Notes to ensure the validity of the authorization for others to exercise the rights of the capital contributor member15/09/2021 admin
In the business operation and management of enterprises, it is prevalent for an organization, individual (the authorization) to authorize another individual (the authorized) to execute one or several duties (scope of the authorization) such as signing commercial agreements or participating in a meeting,… Nevertheless, it is an essential matter in some exceptional cases, most distinctly the authorization for others to exercise the rights of a capital contributor member. Besides, the capital contributor’s obligations must comply with and execute, for example, completing their contribution of capital within 90 days from the day being issued with the Enterprise Registration Certificate, the right(s) of them can affect the development of the enterprise itself and directly affect the benefits and interests. Therefore, apart from selecting a suitable and trustworthy person, they should consider certain matters to ensure the validity of the authorization for another person to exercise the rights of capital contribution. This article will mention some fundamental issues to secure the power of attorneys is valid.
1. The content of powers of attorney
According to the general principle, a capital contributor member, when authorizing an authorized representative will still have to take responsibility towards a third party for the duties resulting from the rights and obligations exercised by the authorized representative. However, a power of attorney should still stipulate the scope of authorization to clarify the tasks authorized representatives are obligated to execute and take responsibility for towards the principal. Simultaneously, if the authorized representative engages in activities beyond their capacities, the scope of the authorization will be the basis for determining the responsibilities according to Article 143 of the Civil Code 2015. It should be noted that none of the restrictions that the capital contributor member places upon their authorization regarding the execution of their rights and obligations in the Members Council shall be effective to a third party.
Powers of attorney appointing an authorized representative must be notified to the company and take effect only from the date the company receives the document. According to Clause 4, Article 14 of the Enterprise Law 2020, the document appointing an authorized representative must include the following principal contents:
- Name, enterprise identification number, head office address of the the capital contributor member;
- Number of the authorized representative and the respective ratio of capital owned by each the authorized representative;
- Surname, first name, contact address, nationality, the ID number of each individual the authorized representative;
- Term of authorization corresponding to each authorized representative; in which the starting date of representation shall be specified;
- Surnames, first names, signatures of the legal representative of the the capital contributor member and the authorized representative.
Therefore, if a power of attorney does not fully represent the statutory contents or can be expressed but the content is incomplete, is that power of attorney valid? From the author’s perspective, the Law on Enterprises does not provide a clear solution when a power of attorney lacks one of the prescribed contents or the information on such contents is ambiguous or insufficient. Before coming to conclusions, it is necessary to consider and evaluate each case. For instance, an organization has the right to appoint many authorized representatives to attend meetings of the Members Council. Although the powers of attorney do not specify the percentage of capital contribution for each authorized representative, they can be deemed not contrary to law provisions, not affecting the authorized representative’s rights because they own the same amount of capital contribution.
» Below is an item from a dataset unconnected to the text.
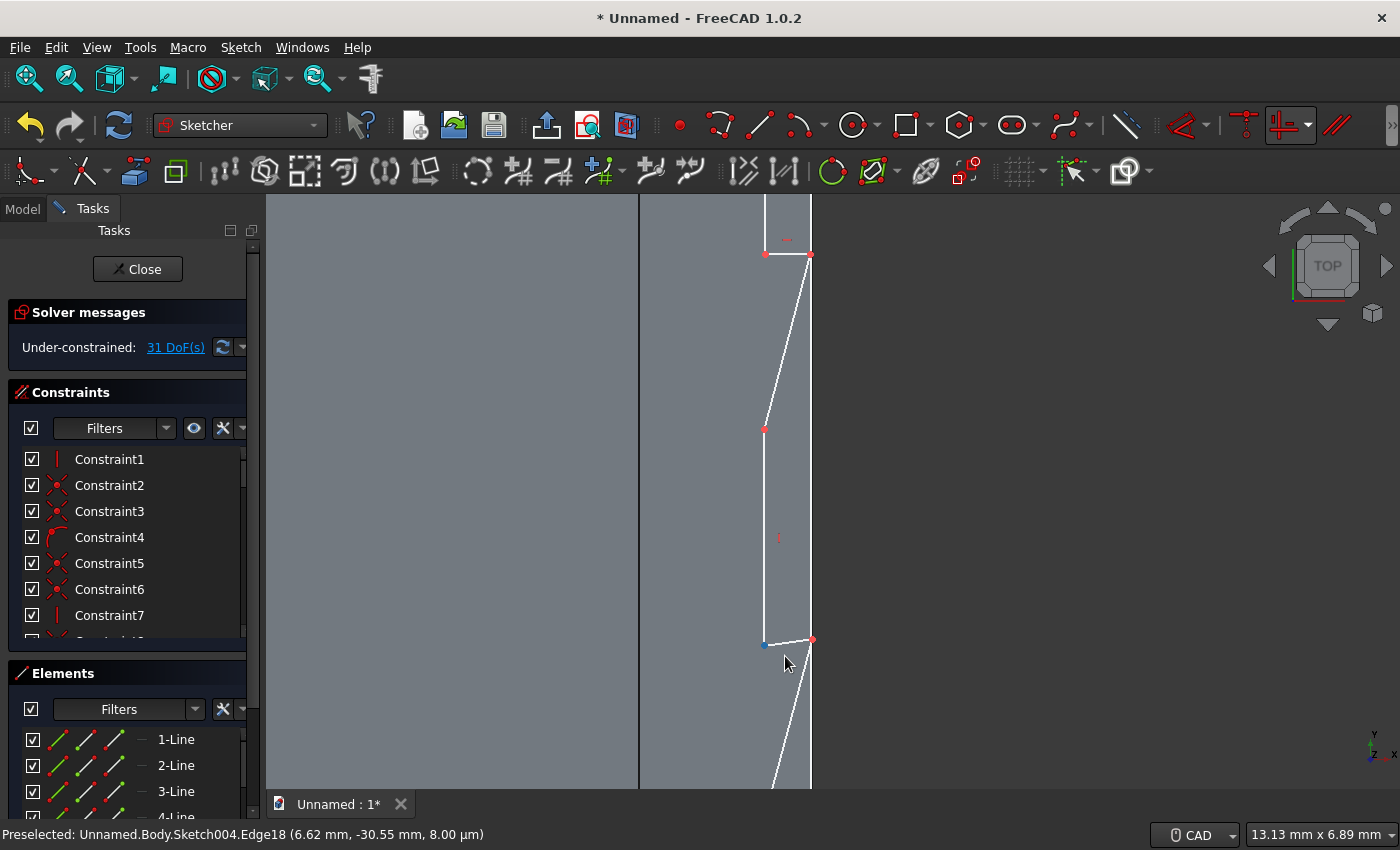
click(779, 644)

2. Form of powers of attorney
The next question is whether powers of attorney need to be notarized or not. With respect to this, when a member of an organization or an individual drafts a power of attorney for others to exercise their rights in the enterprise, the Law on Enterprises 2020 and guidance documents thereof don’t state that such power of attorney needs to be notarized. Therefore, the demand that a power of attorney has to be notarized in order to be valid depends on the provisions of the enterprise’s charter. In case the enterprise’s charter also does not mention this, it can be understood that the notarization of such power of attorney is not compulsory. However, in reality, the lack of notarization of powers of attorney of individuals usually leads to disputes concerning the documents’ validity…
Similarly, provisions on consular legalization regarding powers of attorney of company members who are foreign investors are not explicit. Therefore, if there is no provision in the charter, disputes relating to the form of these powers of attorney are very likely to arise. Furthermore, powers of attorney are not exempt from consular authentication according to the Law on Consular certification and Authentication. On that ground, depending on the point of view of each court, powers of attorney of foreign individuals/organizations can be accepted or declined.
From the author’s perspective, companies’ charters should stipulate precisely the form of powers of attorney to ensure the validity of powers of attorney and avoid risks of disputes concerning the validity of powers of attorney. In case the charter does not provide for this, powers of attorney should be notarized and authenticated by consuls to avoid potential disputes regarding the validity of powers of attorney.
In conclusion, enterprises in general and capital contributor members, in particular, should consider powers of attorney when authorizing. By understanding the law, they can foresee and prevent potential risks from happening, avoiding engaging in unfeasible “transactions” and wasting time handling the consequences, affecting third parties if that transaction involves other organizations/individuals, the worst case of which is doing harm and damaging the enterprise. Therefore, it is always helpful and necessary to be well-prepared from the very first stages.